Hypothetically speaking, if this did result in SPE stealing something from a artist's portfolio (concept art, storyboards, etc) and was something which the artist owned the rights to - essentially any original non-commissioned portfolio pieces. Who has the time and money to fight a contractual dispute like this with Sony in court?

The (hypothetical) artist in question who does try take it to court will likely have their reputation dragged through the mud by Sony's lawyers. As an additional bonus they can also expect a non-sympathetic public, who tend to view these types of things as a seedy individual trying to get rich off the success of an honest and hard-working media corporation.


In this scenario we should create a "test case" to test the courts.

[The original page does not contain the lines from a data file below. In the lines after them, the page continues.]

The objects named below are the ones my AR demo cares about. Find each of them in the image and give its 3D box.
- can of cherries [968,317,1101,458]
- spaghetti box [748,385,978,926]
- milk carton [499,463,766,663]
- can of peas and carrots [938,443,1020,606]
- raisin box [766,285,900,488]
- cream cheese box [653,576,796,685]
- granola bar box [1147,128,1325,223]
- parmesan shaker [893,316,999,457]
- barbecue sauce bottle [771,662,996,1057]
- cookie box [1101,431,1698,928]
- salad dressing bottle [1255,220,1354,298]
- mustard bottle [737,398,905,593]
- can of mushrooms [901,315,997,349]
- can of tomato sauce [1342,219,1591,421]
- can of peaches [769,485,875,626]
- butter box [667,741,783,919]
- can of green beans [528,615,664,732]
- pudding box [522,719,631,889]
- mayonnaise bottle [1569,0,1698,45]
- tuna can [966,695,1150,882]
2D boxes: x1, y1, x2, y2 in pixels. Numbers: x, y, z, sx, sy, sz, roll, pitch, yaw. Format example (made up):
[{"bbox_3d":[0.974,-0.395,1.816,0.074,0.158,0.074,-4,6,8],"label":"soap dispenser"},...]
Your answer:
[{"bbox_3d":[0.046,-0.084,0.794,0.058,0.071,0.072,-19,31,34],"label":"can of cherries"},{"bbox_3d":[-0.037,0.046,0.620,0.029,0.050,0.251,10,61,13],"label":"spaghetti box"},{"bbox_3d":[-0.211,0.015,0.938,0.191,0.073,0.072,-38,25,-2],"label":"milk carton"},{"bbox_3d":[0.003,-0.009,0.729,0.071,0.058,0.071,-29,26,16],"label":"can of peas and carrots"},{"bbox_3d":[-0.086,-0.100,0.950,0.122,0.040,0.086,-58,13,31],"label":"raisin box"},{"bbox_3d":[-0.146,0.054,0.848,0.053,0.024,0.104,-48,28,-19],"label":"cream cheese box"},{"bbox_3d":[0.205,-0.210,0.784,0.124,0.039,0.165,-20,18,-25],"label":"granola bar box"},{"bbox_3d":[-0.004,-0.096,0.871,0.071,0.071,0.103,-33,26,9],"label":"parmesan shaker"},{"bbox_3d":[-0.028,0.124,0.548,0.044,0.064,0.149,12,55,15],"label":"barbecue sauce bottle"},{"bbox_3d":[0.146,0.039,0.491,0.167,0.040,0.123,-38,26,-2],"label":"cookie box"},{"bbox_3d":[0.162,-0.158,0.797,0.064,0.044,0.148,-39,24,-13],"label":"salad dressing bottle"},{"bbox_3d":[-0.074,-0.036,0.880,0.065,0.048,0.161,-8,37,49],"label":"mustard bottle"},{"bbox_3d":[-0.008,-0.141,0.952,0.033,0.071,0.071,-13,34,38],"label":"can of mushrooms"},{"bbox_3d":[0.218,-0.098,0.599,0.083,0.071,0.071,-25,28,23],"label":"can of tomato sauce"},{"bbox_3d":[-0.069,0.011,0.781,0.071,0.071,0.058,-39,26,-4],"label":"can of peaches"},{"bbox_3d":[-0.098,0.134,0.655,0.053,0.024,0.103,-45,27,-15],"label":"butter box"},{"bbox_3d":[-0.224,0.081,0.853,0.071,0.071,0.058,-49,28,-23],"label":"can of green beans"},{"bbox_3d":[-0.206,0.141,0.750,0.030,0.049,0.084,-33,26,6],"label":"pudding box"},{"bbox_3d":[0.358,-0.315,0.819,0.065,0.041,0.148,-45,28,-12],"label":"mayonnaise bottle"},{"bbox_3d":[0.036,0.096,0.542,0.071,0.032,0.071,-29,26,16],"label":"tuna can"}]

What I would do is send some absolutely killer s%$t to multiple companies that have the same policies as Sony - postmarked as sent at the same time. Then, I would decline the offer to join their company.

Hopefully, multiple companies would then claim the work as their own and develop new IPs off my work. I would then sue and claim that it is indeed mine and that the clause they have is unconstitutional.

The courts would make their decision, appeals would be heard and we would get the answer in a few years. Then, a few years after that I or someone else would test the court system again, in a slightly different way.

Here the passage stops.